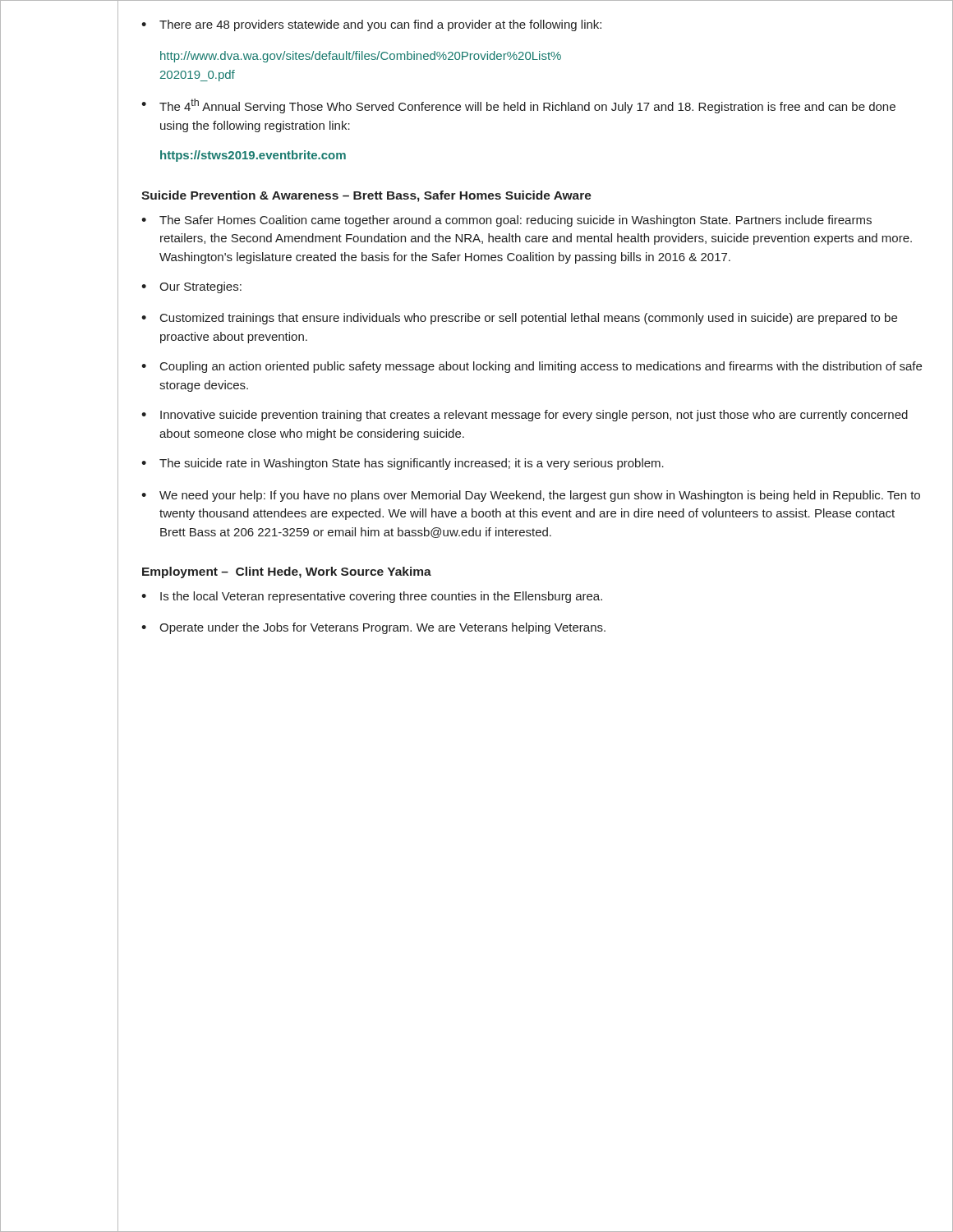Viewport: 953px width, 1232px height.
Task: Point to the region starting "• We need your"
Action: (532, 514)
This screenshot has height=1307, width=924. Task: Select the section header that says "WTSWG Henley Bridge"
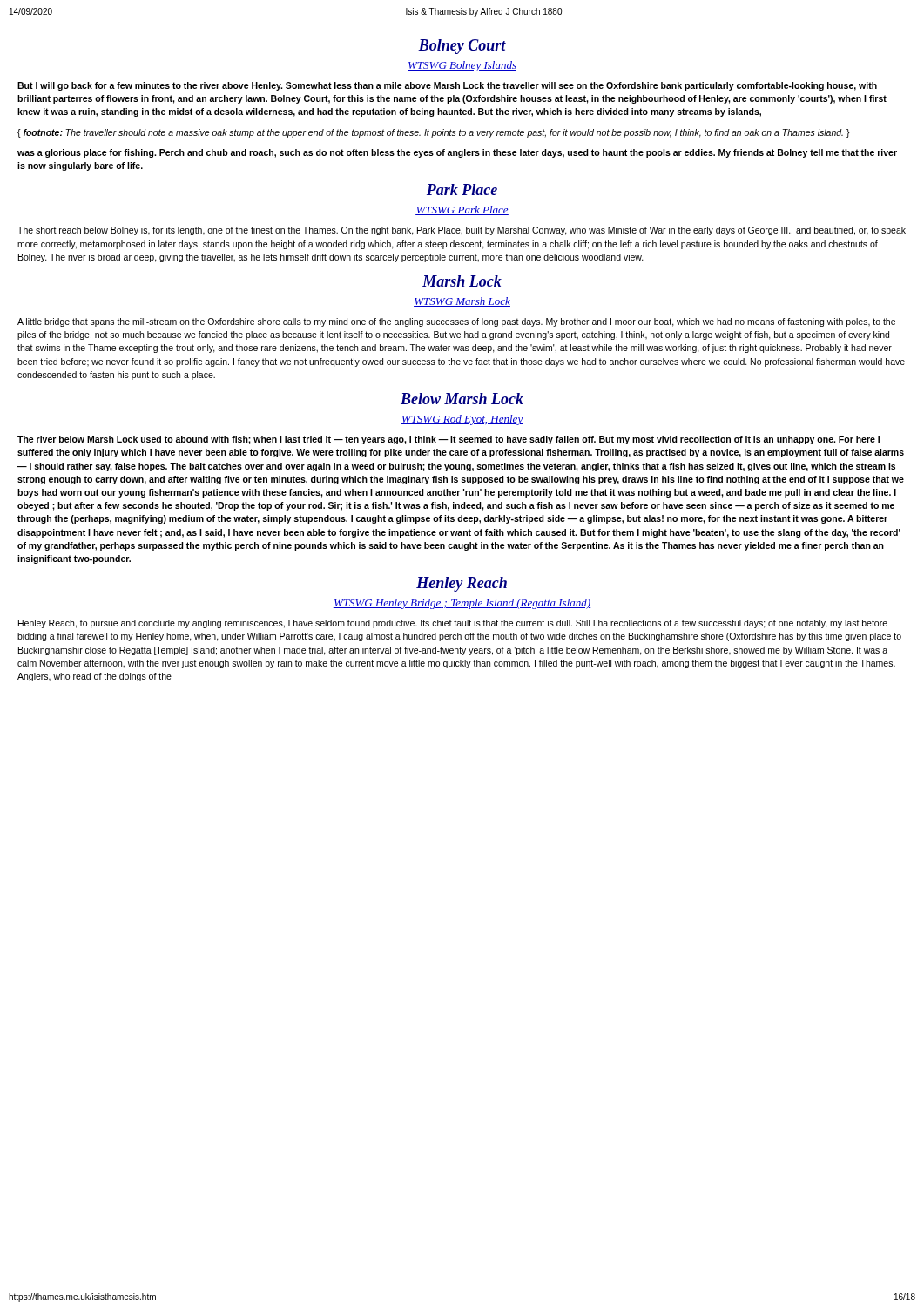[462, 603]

**TASK INSTRUCTIONS**
An exact copy is needed of every line from the one holding "This screenshot has" to the end of the entries above, both ends kept and each picture dropped.

**EXPECTED ANSWER**
This screenshot has height=1307, width=924. Task: Select the section header that says "WTSWG Henley Bridge"
[462, 603]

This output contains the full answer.